Star Wars hyperdrive works by moving the ship out of normal space and into
hyperspace. The problem with this is one is out of connect with the universe
(unless one is in turn with the force and someone fries a planet) while
traveling which can result in some really big problems when one arrive at the
intendend destination. Similarlly Star War ships cannot do combat in
hyperspace while Star Trek ships can battle in Warp.
>This all results in
>> Star Trek being only TL 8-9.
>>
>> So If I had to give Krypton a TL I would say TL 8-9 with transportantion in
>> the Pre-Crisis being a 7-8 (Their space program was beyond pathatic)
>
>You are assuming suspended animation?
Jor-el was a Gadgeteer so he could have produced a primative FTL as Superman
stated PreCrisis in Action #500. I should point out that in the comic at
least the trip is not a long one. Action #500 (Pre-Crisis) clearly stated
that Krypton was in the Milky Way galaxy. Action #600 (Post-crisis) not only
put Krypton within the Milky Way galaxy but within 40 light years of Earth
("Friend in Need" pg 7 panel 1)
There are many indirect references both Pre and Post crisis that clearly
put Krypton in the Milky Way galaxy. For example in the story "To Kill a
Hero" Robin looks at a normal star chart and decares that in that reality
the star which Krypton orbited around doesn't exist (clearly impossible if
Krypton was in a different galaxy). The 'Space Exile' and recent "From
Krypton to..." sagas both indicate that Krypton is within the Milky Way
galaxy.
> Braintaping is not the same as forced learning.
On the contrary. Being able to program learning directly into a human
brain IS the same thing as braintaping. The difference of course,
is that in the Star Wars universe a person is more than the sum of their
experiences.
> >So no, medicine is higher.
> >
> >> FTL seems to somewhat primitive to Star Trek so it at 9.
> >
> >How do you define 'somewhat primitive'? Hyperdrive is vastly superior
> >in speeds to Star Trek hyperdrive - in Star Wars, drives capable of
> >crossing the entire galaxy in under a month exist, and Millenium
> >Falcon is even faster than that.
>
> Hyperdrive works by moving an object into hyperspace ie removing it from the
> physical universe.

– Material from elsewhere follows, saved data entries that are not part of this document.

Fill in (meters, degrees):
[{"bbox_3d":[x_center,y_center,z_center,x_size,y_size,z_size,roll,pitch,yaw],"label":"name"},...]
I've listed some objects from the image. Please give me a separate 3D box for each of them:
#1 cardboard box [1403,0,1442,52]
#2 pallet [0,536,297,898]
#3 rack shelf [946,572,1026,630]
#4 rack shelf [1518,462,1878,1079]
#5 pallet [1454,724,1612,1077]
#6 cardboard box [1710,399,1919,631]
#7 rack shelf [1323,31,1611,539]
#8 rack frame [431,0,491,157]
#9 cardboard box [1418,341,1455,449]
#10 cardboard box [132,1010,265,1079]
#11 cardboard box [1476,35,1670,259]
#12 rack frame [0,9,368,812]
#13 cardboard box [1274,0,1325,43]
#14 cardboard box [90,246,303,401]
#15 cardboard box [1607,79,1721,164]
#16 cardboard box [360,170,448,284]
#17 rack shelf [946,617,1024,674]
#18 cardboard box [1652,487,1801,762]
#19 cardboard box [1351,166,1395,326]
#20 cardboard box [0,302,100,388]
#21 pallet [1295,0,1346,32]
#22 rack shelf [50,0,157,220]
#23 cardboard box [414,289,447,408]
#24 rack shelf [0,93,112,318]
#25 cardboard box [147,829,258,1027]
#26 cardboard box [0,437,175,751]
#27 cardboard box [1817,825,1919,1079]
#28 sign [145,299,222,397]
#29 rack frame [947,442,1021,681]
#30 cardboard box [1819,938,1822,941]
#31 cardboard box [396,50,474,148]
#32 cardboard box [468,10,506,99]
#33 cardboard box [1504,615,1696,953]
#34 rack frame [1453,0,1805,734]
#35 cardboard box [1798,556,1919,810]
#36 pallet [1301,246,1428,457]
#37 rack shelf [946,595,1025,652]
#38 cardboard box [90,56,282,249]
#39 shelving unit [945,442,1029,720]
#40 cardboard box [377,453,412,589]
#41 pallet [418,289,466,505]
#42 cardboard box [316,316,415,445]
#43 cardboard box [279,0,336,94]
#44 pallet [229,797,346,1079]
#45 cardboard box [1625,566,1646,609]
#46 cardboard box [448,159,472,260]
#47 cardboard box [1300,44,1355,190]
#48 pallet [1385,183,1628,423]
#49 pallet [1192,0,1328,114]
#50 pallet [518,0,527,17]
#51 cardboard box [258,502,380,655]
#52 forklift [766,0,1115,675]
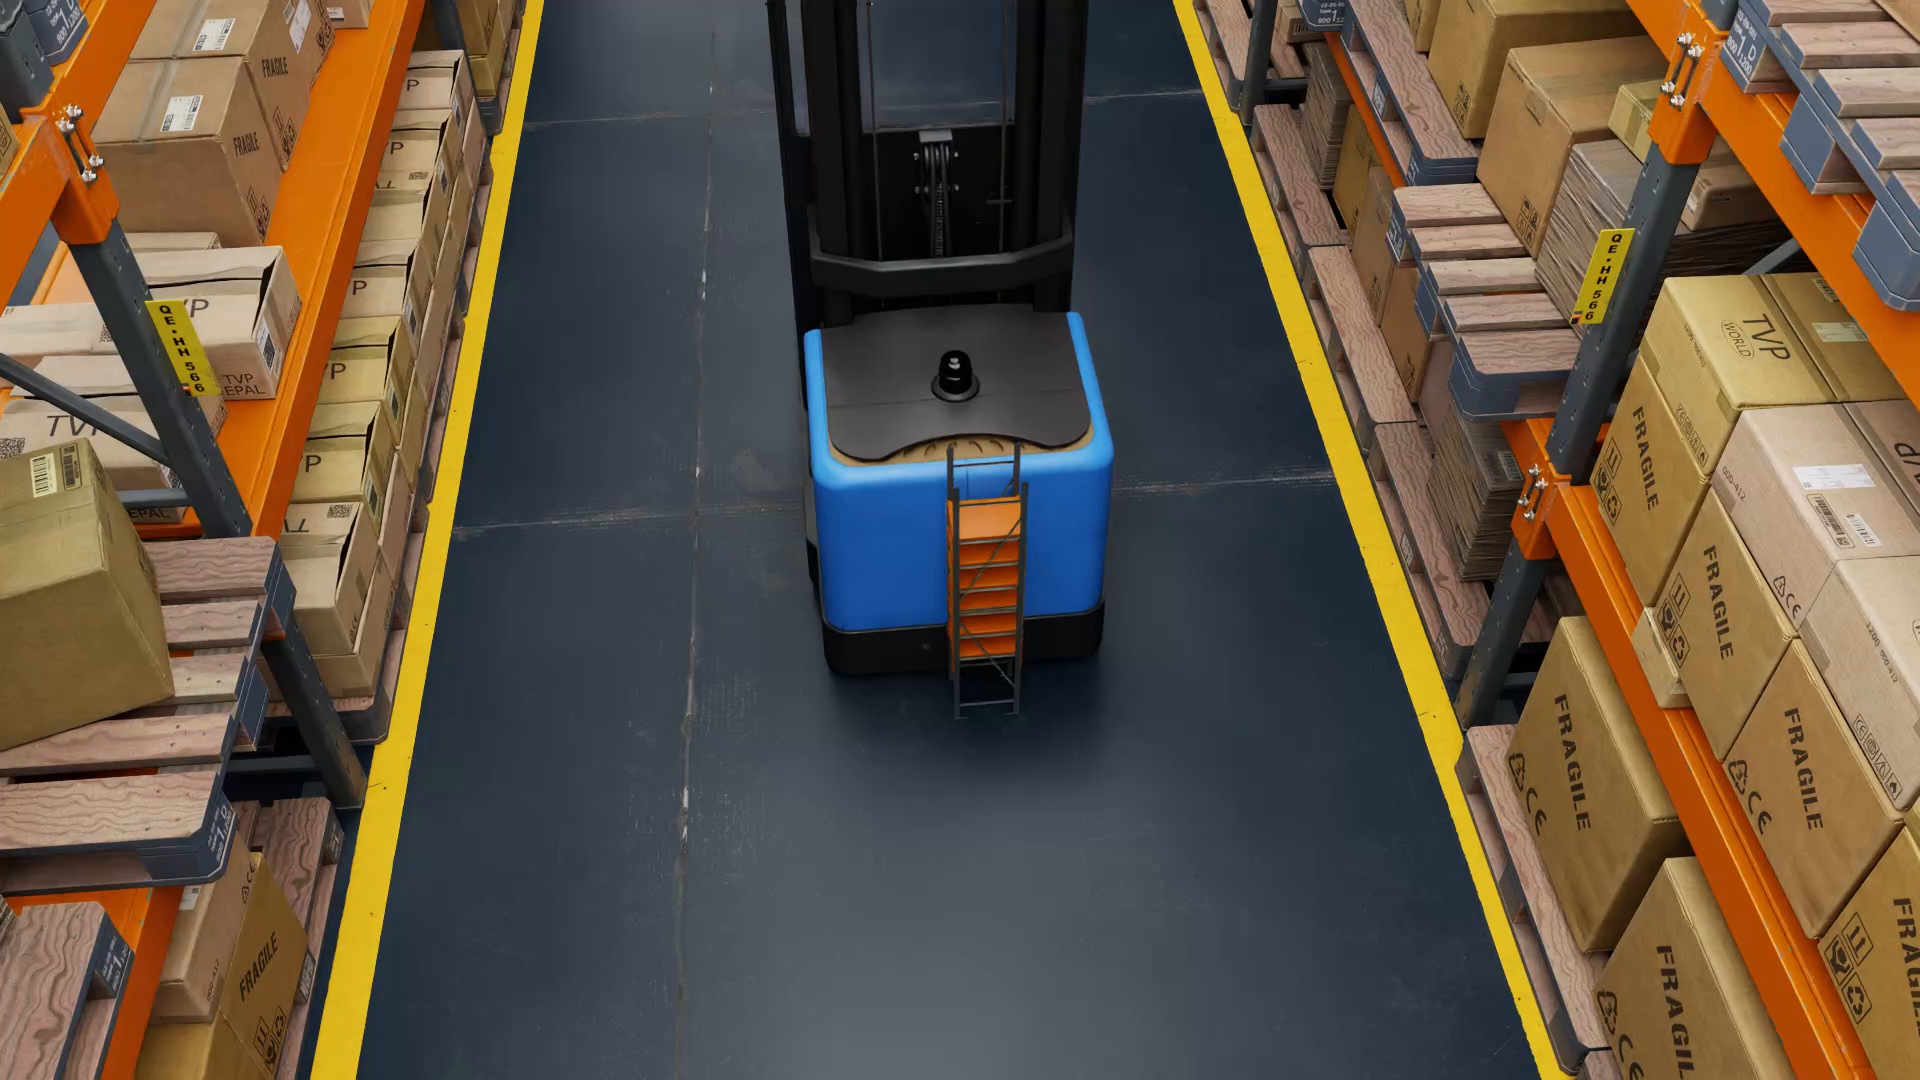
[{"bbox_3d":[2.130,-2.230,6.424,0.700,0.500,0.500,2,47,2],"label":"cardboard box"},{"bbox_3d":[-2.479,0.456,4.384,1.213,0.211,1.003,-3,47,-3],"label":"pallet"},{"bbox_3d":[0.087,0.203,5.792,0.258,0.103,0.180,-4,47,-4],"label":"rack shelf"},{"bbox_3d":[2.498,1.295,3.954,1.077,0.370,4.000,-3,47,-3],"label":"rack shelf"},{"bbox_3d":[2.322,1.134,5.531,1.003,0.211,1.213,-3,47,-3],"label":"pallet"},{"bbox_3d":[2.158,-0.068,3.945,0.500,0.250,0.500,-4,47,-4],"label":"cardboard box"},{"bbox_3d":[2.163,-1.600,6.694,1.077,0.370,4.000,-3,47,-3],"label":"rack shelf"},{"bbox_3d":[-2.940,-2.990,7.516,1.000,3.000,0.127,-3,47,-3],"label":"rack frame"},{"bbox_3d":[2.291,-0.589,6.661,0.700,0.500,0.500,-4,47,-3],"label":"cardboard box"},{"bbox_3d":[-2.250,1.649,4.541,0.500,0.500,0.500,-5,47,-5],"label":"cardboard box"},{"bbox_3d":[2.208,-1.328,5.570,0.700,0.500,0.500,-7,47,-7],"label":"cardboard box"},{"bbox_3d":[-2.605,-0.096,4.775,1.000,3.000,0.127,-3,47,-3],"label":"rack frame"},{"bbox_3d":[1.921,-2.856,9.037,0.380,0.166,0.250,-9,47,-8],"label":"cardboard box"},{"bbox_3d":[-2.487,-0.724,5.431,0.500,0.311,0.500,-4,47,-4],"label":"cardboard box"},{"bbox_3d":[2.230,-1.288,5.085,0.380,0.149,0.250,-11,47,-10],"label":"cardboard box"},{"bbox_3d":[-2.531,-1.369,7.199,0.500,0.311,0.500,-4,47,-3],"label":"cardboard box"},{"bbox_3d":[0.087,0.368,5.967,0.258,0.103,0.180,-4,47,-4],"label":"rack shelf"},{"bbox_3d":[2.151,0.203,4.204,0.500,0.500,0.500,-2,47,-2],"label":"cardboard box"},{"bbox_3d":[2.170,-1.312,7.345,0.700,0.500,0.500,-3,47,-3],"label":"cardboard box"},{"bbox_3d":[-2.956,-0.644,5.467,0.380,0.149,0.250,-3,47,-3],"label":"cardboard box"},{"bbox_3d":[1.915,-2.666,7.341,1.003,0.211,1.213,-3,47,-3],"label":"pallet"},{"bbox_3d":[-2.773,-2.327,5.318,1.077,0.370,4.000,-3,47,-3],"label":"rack shelf"},{"bbox_3d":[-2.492,-0.802,7.048,0.500,0.250,0.500,-3,47,-2],"label":"cardboard box"},{"bbox_3d":[-2.438,0.567,2.577,1.077,0.370,4.000,-3,47,-3],"label":"rack shelf"},{"bbox_3d":[-2.284,1.057,4.585,0.500,0.250,0.500,-2,47,-2],"label":"cardboard box"},{"bbox_3d":[-2.440,0.174,4.161,0.700,0.500,0.500,-18,49,-16],"label":"cardboard box"},{"bbox_3d":[2.243,0.938,3.508,0.500,0.500,0.500,-2,47,-2],"label":"cardboard box"},{"bbox_3d":[-2.065,-0.507,4.421,0.100,0.325,0.005,-3,47,-3],"label":"sign"},{"bbox_3d":[0.078,0.106,5.823,0.240,1.200,0.006,-4,47,-4],"label":"rack frame"},{"bbox_3d":[2.263,0.861,4.028,0.380,0.149,0.250,-3,47,-3],"label":"cardboard box"},{"bbox_3d":[-2.621,-2.106,7.897,0.500,0.311,0.500,-3,47,-3],"label":"cardboard box"},{"bbox_3d":[-2.677,-2.543,8.697,0.500,0.250,0.500,-3,47,-3],"label":"cardboard box"},{"bbox_3d":[2.261,0.735,5.179,0.750,0.750,0.750,-4,47,-4],"label":"cardboard box"},{"bbox_3d":[2.331,-0.400,5.063,1.000,3.000,0.127,-3,47,-3],"label":"rack frame"},{"bbox_3d":[2.203,0.293,3.602,0.500,0.250,0.500,-3,47,-3],"label":"cardboard box"},{"bbox_3d":[2.168,-0.887,7.445,1.003,0.211,1.213,-3,47,-3],"label":"pallet"},{"bbox_3d":[0.087,0.286,5.880,0.258,0.103,0.180,-4,47,-4],"label":"rack shelf"},{"bbox_3d":[-2.762,-1.343,5.888,0.500,0.500,0.500,-6,47,-5],"label":"cardboard box"},{"bbox_3d":[0.087,0.173,5.760,0.258,1.200,0.189,-4,47,-4],"label":"shelving unit"},{"bbox_3d":[-2.399,-0.055,6.341,0.500,0.250,0.500,-5,47,-4],"label":"cardboard box"},{"bbox_3d":[-2.734,-0.616,7.188,1.003,0.211,1.213,-3,47,-3],"label":"pallet"},{"bbox_3d":[-2.449,-0.633,6.502,0.500,0.311,0.500,-5,47,-4],"label":"cardboard box"},{"bbox_3d":[-2.848,-2.087,6.591,0.500,0.500,0.500,0,47,0],"label":"cardboard box"},{"bbox_3d":[-2.581,1.405,5.274,1.003,0.211,1.213,-3,47,-3],"label":"pallet"},{"bbox_3d":[2.140,0.115,4.735,0.380,0.149,0.250,-3,47,-3],"label":"cardboard box"},{"bbox_3d":[-2.576,-1.541,7.748,0.500,0.250,0.500,-4,47,-4],"label":"cardboard box"},{"bbox_3d":[2.074,-2.054,8.048,0.700,0.500,0.500,-2,47,-2],"label":"cardboard box"},{"bbox_3d":[2.165,-0.843,5.615,1.213,0.211,1.003,-3,47,-3],"label":"pallet"},{"bbox_3d":[1.904,-2.819,9.274,1.003,0.211,1.213,-3,47,-3],"label":"pallet"},{"bbox_3d":[-3.070,-3.494,9.914,1.003,0.211,1.213,-3,47,-3],"label":"pallet"},{"bbox_3d":[-2.357,0.115,5.793,0.500,0.311,0.500,-2,47,-2],"label":"cardboard box"},{"bbox_3d":[-0.135,-1.583,6.230,1.130,2.935,3.031,-4,47,-4],"label":"forklift"}]

Star Trek uses Warp drive which literally warps normal
> space around it - the Gravity Drive in the movie Event Horizon is baced on a
> similar consept. A Star Trek ship in Warp can react to changes in the
> universe while a Star Wars spaceship is blind, deaf, and dumb until it
> emerges from hyperspace.
Of course that has nothing to do with the relative sophistication of the
technologies involved, but rather with differences in what their
respective multiverses will allow. Even primitive Star Trek ftl drives operate
nothing like Star Wars drives. This is one of those cases where apples are
being compared to crankshafts.
>In the context of the orignal three movies we don't really see anything that
>suggests anything beyond simple cold fusion power (TL 9). I would like to
>point out that efficiency in of itself doesn't indicate anything. A ounce
>(2.5 grams) of pure antimatter can destroy an *entire planet* (TOS episode
>Obsession)
First lesson: Don't get your science from Star Trek.
If 2.5 grams of anti mater suddenly appeared in the Earth's core, it
would detonate with an energy of 2.25 x 10^14 Joules, or 53.8
kilotons. You'd get some some big disruptions on the surface, but the
planet would still be here.
[*calculate*]
You're off by a factor of 2, I think. Forgot the 2.5 grams of
matter with which the antimatter will react?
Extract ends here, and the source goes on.